SUNY Purchase's campus may be irony at its most cruel. The campus is actually one of the few on this list that is known for its ugliness, deemed both a "modern interpretation of a medieval fortress" and "a repurposed maximum security prison." The campus has even inspired the sarcastic Tumblr "Beautiful Purchase." The 1960s modernist buildings are as interesting as plain cardboard boxes, and the institutional lack of aesthetic beauty could be taken as a misguided joke for one of SUNY's best art schools. The Performing Arts Center, for one, greets students like a windowless tower of doom. We'd like to think that it's a modernist architect's gift of a blank canvas to the immensely talented student body.

3. Rochester Institute of Technology

Location: Rochester, N.Y.

Year Built: 1966 (Founded: 1829)

Key Architects: Various, including: Kevin Roche

With such a good photo program, you would think RIT would have an eye for aesthetics. Unfortunately, the university's planners were not on the same page as the students.
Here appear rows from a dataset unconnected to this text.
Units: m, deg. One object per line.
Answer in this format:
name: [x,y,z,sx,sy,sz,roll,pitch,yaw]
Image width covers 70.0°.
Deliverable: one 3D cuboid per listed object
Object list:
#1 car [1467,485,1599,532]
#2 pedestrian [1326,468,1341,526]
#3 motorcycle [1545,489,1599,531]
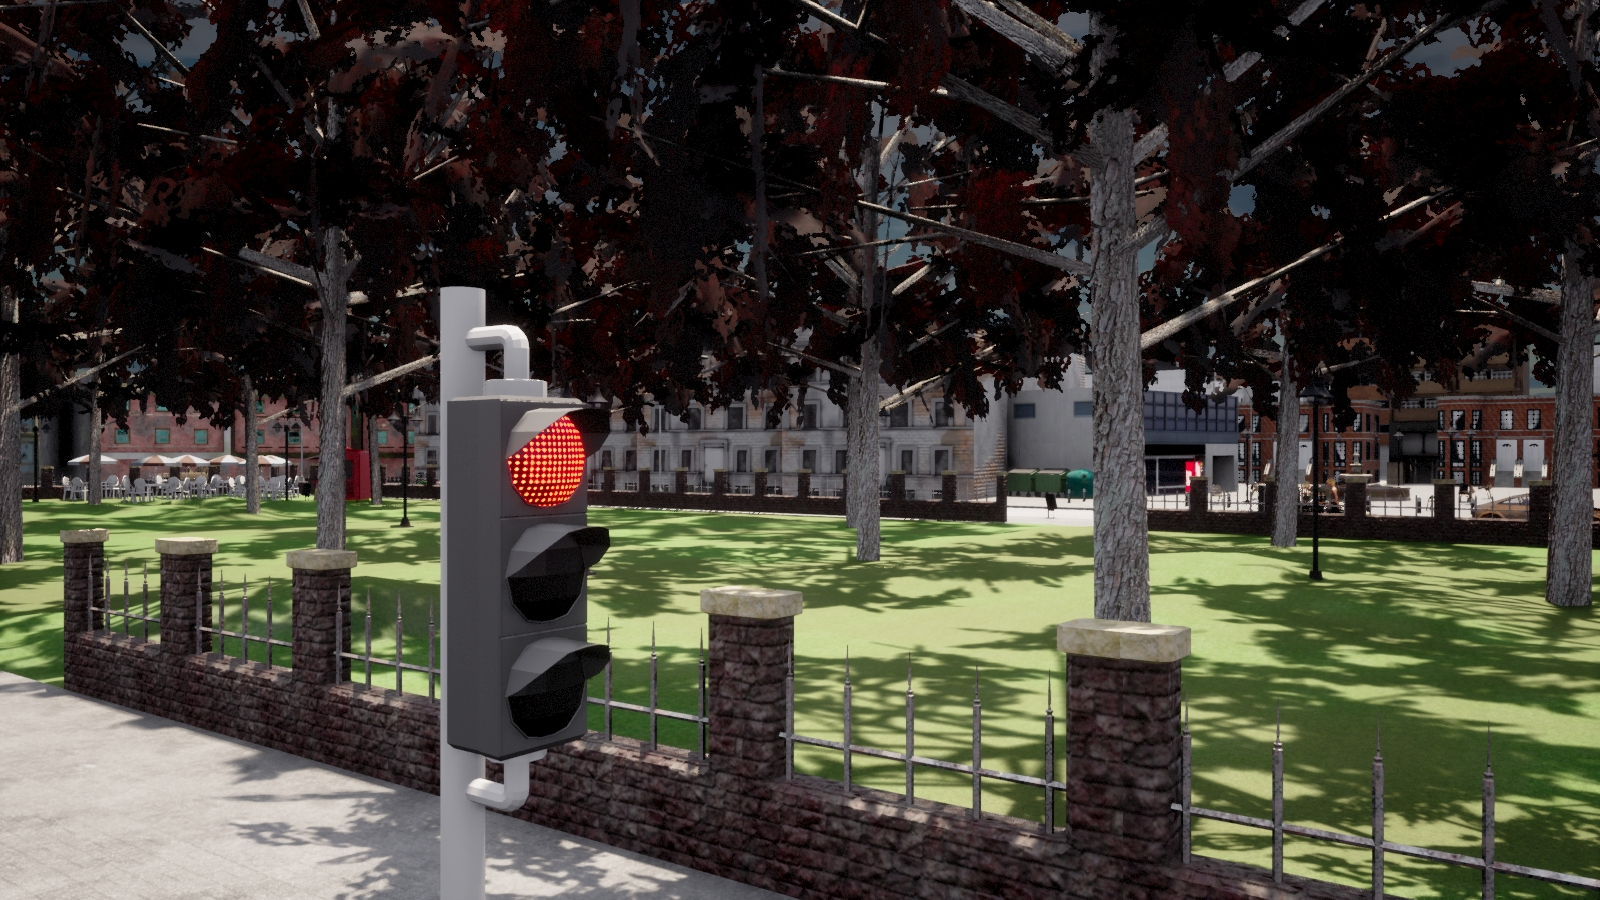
car: [24.491,1.899,37.604,4.181,1.385,1.994,0,0,37]
pedestrian: [17.252,1.523,36.924,0.375,1.860,0.375,0,0,36]
motorcycle: [25.489,1.950,36.881,2.356,1.277,0.764,0,0,36]
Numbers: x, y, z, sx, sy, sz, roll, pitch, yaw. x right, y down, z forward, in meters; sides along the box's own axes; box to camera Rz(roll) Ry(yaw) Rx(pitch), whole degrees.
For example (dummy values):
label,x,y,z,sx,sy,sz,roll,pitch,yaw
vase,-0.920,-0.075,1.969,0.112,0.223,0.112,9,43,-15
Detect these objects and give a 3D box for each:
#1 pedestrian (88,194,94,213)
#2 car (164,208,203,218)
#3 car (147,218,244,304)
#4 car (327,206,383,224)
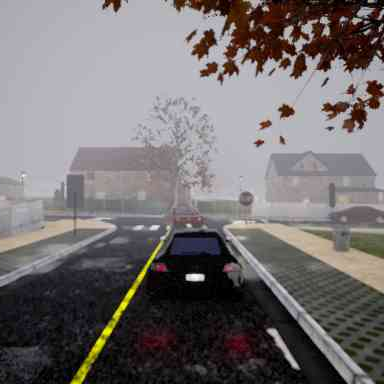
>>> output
label,x,y,z,sx,sy,sz,roll,pitch,yaw
pedestrian,-9.680,1.113,31.844,0.375,1.860,0.375,0,-2,0
car,-0.684,1.665,21.762,1.895,1.301,4.718,0,0,-12
car,0.097,1.589,8.281,1.994,1.385,4.181,0,0,1
car,14.438,1.948,29.060,5.008,1.535,1.882,1,-1,0
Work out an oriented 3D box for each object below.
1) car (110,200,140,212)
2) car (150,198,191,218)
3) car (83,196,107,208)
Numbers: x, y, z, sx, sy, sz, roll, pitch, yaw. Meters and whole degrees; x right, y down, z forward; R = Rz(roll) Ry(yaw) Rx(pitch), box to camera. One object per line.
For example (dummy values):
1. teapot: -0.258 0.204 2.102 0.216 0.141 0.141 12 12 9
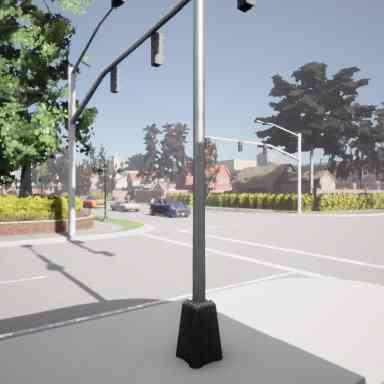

The campus was actually built on a swamp and is lovingly referred to as "brick city" because of its wall-to-wall (and ground-to-sky) reddish-brown brick architecture. However, we have to give credit where credit is due; the school is actively trying to implement better architecture with new construction, like the Vignelli Center for Design.

2. City College of New York

Location: New York

Year Built: 1847

Key Architects: George Browne Post

Many of City College's buildings were designed by George B. Post. When submitting proposals for the project, Post actually drew up two plans, one in the Beaux-Art style and a second in the Gothic style. The college chose the latter. Post's buildings are over-the-top ornate like the building that houses the Department of Psychology, which looks like a church decorated in lumpy icing or a wedding cake gone wrong. Due to this poor stylistic choice, the campus is uninviting and also a little terrifying.

1. Ava Maria University

Location: Ava Maria, Fla.

Year Built: 2007 (Founded: 1998)

Key Architects: Cannon Design

This campus is the pièce de résistance of the Ugliest Campuses in America. It's comical how obtrusive this campus looks with European-flavored buildings surrounding a church (the building was originally conceived by town founder, Tom Monaghan of Dominos). What makes no sense, however, is the fact that Monaghan is one of the world's largest collectors of American architect Frank Lloyd Wright. We wish that he took a page from Wright's book when designing the school.